[Saved entries]
----------

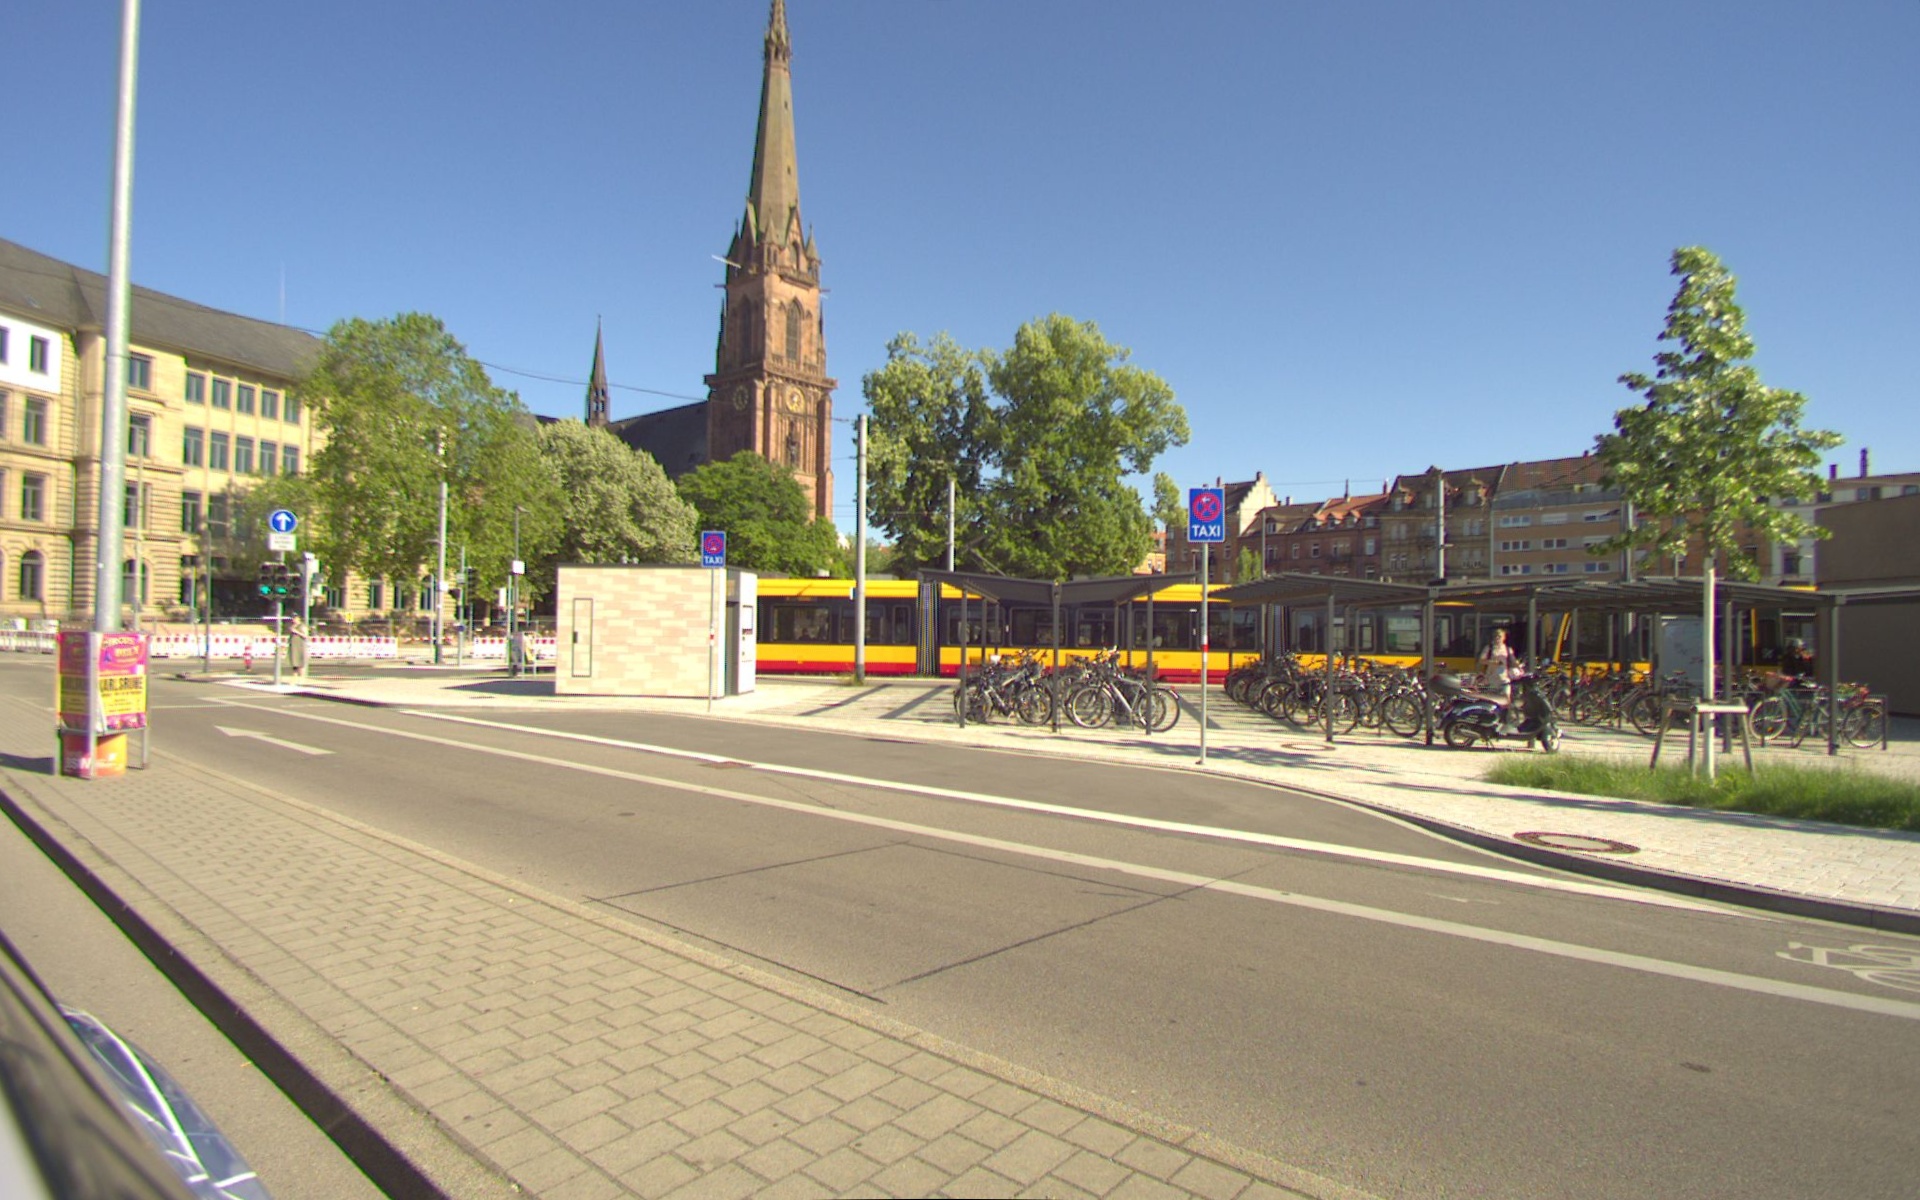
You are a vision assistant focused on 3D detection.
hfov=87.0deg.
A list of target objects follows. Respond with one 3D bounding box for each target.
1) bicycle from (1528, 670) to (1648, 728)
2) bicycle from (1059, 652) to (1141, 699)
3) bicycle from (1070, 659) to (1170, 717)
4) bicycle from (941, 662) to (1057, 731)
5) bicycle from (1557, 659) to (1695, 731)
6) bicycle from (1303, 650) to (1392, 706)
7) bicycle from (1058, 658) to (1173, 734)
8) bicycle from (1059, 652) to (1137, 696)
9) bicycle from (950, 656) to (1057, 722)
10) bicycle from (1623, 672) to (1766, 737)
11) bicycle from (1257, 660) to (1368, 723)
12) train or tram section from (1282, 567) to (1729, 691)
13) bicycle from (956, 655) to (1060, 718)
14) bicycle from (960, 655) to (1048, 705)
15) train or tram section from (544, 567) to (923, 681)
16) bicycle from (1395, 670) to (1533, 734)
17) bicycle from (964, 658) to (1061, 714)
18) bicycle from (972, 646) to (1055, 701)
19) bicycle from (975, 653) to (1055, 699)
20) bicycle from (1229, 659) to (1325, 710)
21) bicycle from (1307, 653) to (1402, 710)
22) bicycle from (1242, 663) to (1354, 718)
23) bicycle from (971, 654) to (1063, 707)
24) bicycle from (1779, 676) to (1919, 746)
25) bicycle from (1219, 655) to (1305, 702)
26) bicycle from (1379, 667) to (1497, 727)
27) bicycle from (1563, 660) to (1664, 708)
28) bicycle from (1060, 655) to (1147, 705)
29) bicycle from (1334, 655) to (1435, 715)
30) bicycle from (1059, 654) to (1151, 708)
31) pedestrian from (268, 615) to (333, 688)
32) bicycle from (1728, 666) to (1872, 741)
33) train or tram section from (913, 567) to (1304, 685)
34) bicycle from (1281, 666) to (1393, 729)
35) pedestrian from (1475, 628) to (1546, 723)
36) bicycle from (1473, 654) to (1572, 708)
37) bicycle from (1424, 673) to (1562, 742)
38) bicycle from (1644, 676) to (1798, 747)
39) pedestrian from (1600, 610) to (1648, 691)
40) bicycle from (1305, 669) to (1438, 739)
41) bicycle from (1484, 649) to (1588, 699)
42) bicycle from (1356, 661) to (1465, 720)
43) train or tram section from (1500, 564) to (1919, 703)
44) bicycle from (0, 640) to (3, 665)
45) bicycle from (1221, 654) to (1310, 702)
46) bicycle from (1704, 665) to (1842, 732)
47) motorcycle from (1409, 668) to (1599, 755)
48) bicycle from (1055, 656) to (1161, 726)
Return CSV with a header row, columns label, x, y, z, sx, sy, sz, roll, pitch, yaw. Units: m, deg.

----------

In the entries above, please find the line with "22) bicycle from (1242, 663) to (1354, 718)" and the line with "31) pedestrian from (268, 615) to (333, 688)", then write out exactly those two lines and every line between them, and nothing more.

22) bicycle from (1242, 663) to (1354, 718)
23) bicycle from (971, 654) to (1063, 707)
24) bicycle from (1779, 676) to (1919, 746)
25) bicycle from (1219, 655) to (1305, 702)
26) bicycle from (1379, 667) to (1497, 727)
27) bicycle from (1563, 660) to (1664, 708)
28) bicycle from (1060, 655) to (1147, 705)
29) bicycle from (1334, 655) to (1435, 715)
30) bicycle from (1059, 654) to (1151, 708)
31) pedestrian from (268, 615) to (333, 688)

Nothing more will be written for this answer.